@dlakelan That makes sense, and thanks for the clarification! Unfortunately, I would say I need those 3000 predictions for this particular question.
Your best bet is probably to run it on 40 threads then, maybe split across 5-10 machines. Most desktop computers have 4-8 cores these days. I’d say look at Distributed.jl and maybe Transducers.jl you might be able to get really simple parallelism by generating the 3000 weight samples and then distributing them between the say 10 machines and then within each machine running a transducer based loop or Floops.jl based loop on each machine.
Do not use GLM.jl here… Your best chance is to write your own newton-raphson (this is what GLM solvers do) on the loglikelyhood of your model.

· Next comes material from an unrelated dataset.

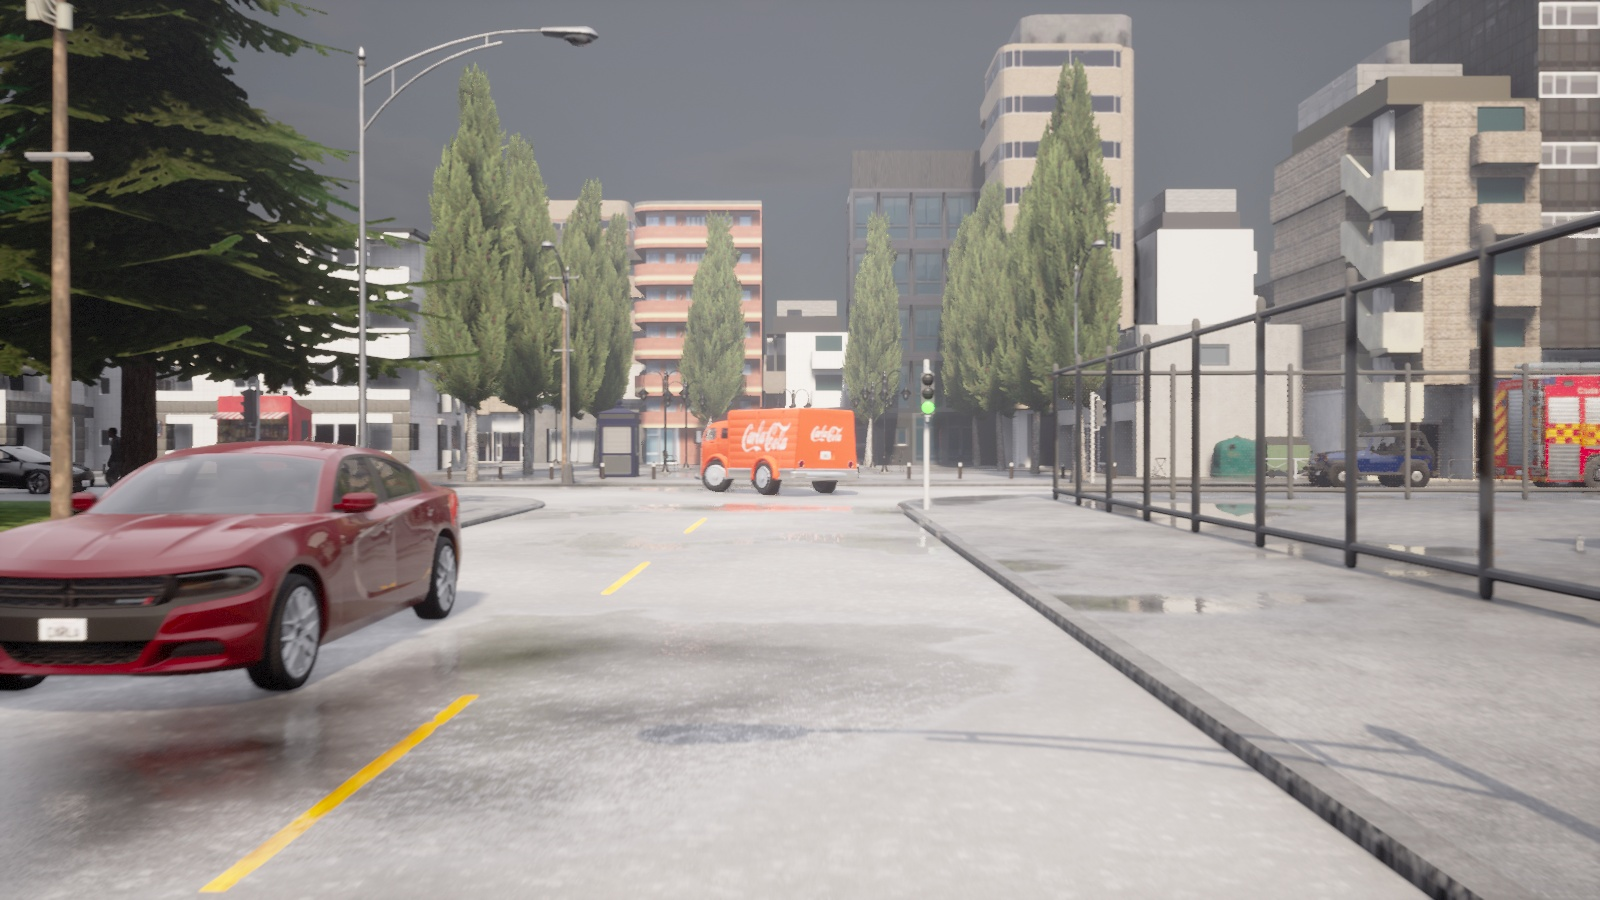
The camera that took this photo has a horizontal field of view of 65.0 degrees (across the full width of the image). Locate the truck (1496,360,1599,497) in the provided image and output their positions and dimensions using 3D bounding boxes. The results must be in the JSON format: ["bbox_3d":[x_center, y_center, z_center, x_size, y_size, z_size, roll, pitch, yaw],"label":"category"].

For a Poisson GLM, this is not that complicated to do, the model basically fits \beta to minimize the log-likelyhood:
\ell(\beta) = \sum_{i=1}^n w_i\left(y_i \beta'X_i - e^{\beta'X_i}\right).

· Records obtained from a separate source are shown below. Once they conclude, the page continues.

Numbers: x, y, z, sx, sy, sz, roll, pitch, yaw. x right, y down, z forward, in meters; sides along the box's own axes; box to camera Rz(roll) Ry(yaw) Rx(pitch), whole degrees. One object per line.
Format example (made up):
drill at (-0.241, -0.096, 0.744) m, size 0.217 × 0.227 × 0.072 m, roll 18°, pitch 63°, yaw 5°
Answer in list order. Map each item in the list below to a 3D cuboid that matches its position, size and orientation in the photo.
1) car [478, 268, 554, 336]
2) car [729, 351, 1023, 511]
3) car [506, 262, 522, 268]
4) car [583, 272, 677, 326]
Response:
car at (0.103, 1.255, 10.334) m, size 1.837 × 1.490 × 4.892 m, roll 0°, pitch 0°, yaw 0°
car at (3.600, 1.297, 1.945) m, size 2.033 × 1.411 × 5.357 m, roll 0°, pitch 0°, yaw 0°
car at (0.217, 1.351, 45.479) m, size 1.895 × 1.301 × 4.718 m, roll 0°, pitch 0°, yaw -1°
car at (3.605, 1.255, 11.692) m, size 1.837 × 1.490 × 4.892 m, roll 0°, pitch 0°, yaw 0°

A lot of pieces in the NR solving will NOT depend on weights and can be precomputed once and only once
Compute first and second derivatives manually and precompute everything that depend on y,X, so that your functions loss(w), gradient(w)
and even hessian(w)
are very quick. Basically each of them should simply be a dot product with something that depend on beta, a function depending on beta that can be precomputed as much as possible. This will be easier to do if you consider W = diagonal(w) the weighting matrix to vectorise a bit the expressions.
You’ll have to do a bit of work, yes, but you’ll get much better runtimes than running the full GLM each time :).
Hi @lrnv , this is very helpful! Thanks for the suggestion!